Didi, which has become known as China’s answer to Uber, has been a major target of the widespread crackdown on the tech sector after years of growth before regulators intervened.

The fine, imposed for Didi’s cybersecurity practices, would be equivalent to more than 4% of its $27.3 billion in revenue last year and would pave the way for a listing on the Hong Kong stock exchange. , according to the Wall Street Journal.

If Didi’s fine is upheld, it would be the highest levied on a Chinese tech company since e-commerce giant Alibaba was ordered to pay $2.75 billion in April 2021 for anticompetitive practices.

So far, Didi has not responded to an emailed request for comment from Reuters.

Citing unnamed sources, the newspaper said that after the fine is announced, the government will ease restrictions on Didi’s operations.

The company was blocked from adding new users and its apps were removed from China’s online stores.

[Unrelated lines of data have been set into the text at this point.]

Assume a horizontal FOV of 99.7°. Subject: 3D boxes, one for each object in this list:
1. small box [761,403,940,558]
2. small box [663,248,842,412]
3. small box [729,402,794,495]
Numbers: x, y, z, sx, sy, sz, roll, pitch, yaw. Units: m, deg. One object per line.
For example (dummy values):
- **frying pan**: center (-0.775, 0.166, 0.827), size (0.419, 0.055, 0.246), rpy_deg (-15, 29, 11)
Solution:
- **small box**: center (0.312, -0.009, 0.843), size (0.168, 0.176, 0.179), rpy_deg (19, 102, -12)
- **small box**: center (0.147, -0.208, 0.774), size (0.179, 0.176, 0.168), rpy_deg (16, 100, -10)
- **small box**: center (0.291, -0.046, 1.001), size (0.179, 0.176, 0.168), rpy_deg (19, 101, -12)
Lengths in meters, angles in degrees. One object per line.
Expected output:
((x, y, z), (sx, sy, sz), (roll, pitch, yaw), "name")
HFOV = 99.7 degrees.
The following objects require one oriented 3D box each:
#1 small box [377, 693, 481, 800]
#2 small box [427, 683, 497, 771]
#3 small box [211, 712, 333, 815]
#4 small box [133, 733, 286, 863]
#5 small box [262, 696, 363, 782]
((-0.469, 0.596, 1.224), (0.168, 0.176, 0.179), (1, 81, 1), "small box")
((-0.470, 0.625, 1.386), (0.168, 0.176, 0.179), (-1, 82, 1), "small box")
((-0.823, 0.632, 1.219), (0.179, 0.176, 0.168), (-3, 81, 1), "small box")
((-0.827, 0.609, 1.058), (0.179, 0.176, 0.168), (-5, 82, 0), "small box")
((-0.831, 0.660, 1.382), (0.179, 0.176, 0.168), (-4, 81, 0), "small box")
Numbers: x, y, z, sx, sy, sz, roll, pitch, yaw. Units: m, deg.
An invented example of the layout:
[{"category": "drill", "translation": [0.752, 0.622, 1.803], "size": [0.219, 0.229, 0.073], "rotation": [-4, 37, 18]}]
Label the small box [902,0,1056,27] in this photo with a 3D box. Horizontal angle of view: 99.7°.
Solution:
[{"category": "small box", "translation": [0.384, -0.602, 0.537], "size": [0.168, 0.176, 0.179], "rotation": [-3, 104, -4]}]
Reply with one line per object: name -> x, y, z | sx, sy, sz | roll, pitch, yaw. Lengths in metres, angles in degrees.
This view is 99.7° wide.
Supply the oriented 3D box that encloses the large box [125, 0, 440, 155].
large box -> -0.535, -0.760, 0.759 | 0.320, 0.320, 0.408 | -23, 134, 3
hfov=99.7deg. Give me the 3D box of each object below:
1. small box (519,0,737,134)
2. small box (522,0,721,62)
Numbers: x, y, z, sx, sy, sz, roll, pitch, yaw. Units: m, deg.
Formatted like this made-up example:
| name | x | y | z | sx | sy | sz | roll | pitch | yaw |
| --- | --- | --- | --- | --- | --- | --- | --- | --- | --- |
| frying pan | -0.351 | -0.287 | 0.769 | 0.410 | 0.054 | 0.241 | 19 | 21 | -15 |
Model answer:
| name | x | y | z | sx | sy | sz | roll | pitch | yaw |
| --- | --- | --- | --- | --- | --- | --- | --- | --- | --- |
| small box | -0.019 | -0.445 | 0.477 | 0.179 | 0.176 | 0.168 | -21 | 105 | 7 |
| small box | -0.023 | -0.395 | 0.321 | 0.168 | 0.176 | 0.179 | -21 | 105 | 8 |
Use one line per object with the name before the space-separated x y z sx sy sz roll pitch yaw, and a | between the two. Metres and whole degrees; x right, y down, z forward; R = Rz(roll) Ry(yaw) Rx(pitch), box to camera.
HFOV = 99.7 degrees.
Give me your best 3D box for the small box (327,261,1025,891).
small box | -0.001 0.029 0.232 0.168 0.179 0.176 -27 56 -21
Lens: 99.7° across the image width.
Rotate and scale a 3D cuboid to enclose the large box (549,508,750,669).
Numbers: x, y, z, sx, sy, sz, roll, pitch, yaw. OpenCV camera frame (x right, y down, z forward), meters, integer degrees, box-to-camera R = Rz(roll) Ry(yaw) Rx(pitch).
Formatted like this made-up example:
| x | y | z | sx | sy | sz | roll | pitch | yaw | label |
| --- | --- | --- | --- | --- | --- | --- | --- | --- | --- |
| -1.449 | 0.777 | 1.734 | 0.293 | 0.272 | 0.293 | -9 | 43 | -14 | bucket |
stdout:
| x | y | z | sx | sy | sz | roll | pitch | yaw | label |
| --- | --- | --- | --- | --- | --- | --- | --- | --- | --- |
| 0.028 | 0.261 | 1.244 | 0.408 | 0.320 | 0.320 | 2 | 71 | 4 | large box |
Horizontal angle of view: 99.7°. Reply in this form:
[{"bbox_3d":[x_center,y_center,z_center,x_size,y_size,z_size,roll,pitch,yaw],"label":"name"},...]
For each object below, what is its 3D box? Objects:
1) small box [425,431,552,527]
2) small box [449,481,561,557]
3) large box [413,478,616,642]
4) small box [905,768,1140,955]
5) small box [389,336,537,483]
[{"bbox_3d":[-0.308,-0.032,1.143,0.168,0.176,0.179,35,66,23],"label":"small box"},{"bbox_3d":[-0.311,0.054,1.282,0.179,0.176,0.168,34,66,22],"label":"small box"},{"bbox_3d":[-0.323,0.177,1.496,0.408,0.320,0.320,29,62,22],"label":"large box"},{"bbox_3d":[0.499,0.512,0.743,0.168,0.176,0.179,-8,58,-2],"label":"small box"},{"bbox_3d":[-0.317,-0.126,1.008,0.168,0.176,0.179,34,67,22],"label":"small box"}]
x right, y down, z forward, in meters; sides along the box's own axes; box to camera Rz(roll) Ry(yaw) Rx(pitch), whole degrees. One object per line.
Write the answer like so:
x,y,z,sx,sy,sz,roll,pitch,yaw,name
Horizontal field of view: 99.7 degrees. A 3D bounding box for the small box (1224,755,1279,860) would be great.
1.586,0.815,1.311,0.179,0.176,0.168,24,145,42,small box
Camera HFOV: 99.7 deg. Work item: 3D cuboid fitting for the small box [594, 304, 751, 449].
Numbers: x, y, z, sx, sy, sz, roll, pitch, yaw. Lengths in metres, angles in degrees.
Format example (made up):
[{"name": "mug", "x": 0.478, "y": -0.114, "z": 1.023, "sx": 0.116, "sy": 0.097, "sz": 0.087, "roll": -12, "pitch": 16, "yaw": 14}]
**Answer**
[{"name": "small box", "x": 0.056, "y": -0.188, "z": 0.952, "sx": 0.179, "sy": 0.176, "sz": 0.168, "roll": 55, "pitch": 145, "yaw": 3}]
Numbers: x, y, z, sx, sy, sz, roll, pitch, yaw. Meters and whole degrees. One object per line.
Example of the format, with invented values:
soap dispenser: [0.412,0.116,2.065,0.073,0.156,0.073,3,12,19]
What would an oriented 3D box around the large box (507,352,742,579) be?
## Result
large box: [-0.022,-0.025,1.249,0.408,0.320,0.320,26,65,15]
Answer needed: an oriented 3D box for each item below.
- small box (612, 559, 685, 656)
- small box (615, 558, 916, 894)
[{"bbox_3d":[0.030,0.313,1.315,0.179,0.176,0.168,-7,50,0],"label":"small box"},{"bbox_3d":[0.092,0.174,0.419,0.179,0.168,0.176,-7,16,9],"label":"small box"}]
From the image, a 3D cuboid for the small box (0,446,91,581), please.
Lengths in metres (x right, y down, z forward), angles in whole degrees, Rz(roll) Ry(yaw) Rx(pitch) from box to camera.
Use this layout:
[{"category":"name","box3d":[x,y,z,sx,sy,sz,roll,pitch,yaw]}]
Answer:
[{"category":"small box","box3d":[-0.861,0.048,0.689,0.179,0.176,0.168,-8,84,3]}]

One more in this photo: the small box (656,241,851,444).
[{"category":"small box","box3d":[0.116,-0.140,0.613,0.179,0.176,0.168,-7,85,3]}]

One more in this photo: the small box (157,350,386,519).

The American newspaper’s report sparked a rally in Chinese technology stocks in Hong Kong on Wednesday (20), amid investor hope that the regulatory storm that has swept the sector for the past two years will come to an end.

Alibaba shares rose 4%, while gaming company Tencent rose 2.5% in morning trade.

Didi ran into trouble in June 2021 after moving forward with an initial public offering in the United States, apparently against Beijing’s wishes. Shortly after raising $4.4 billion, Chinese authorities opened a cybersecurity investigation into the company, causing its shares to plummet.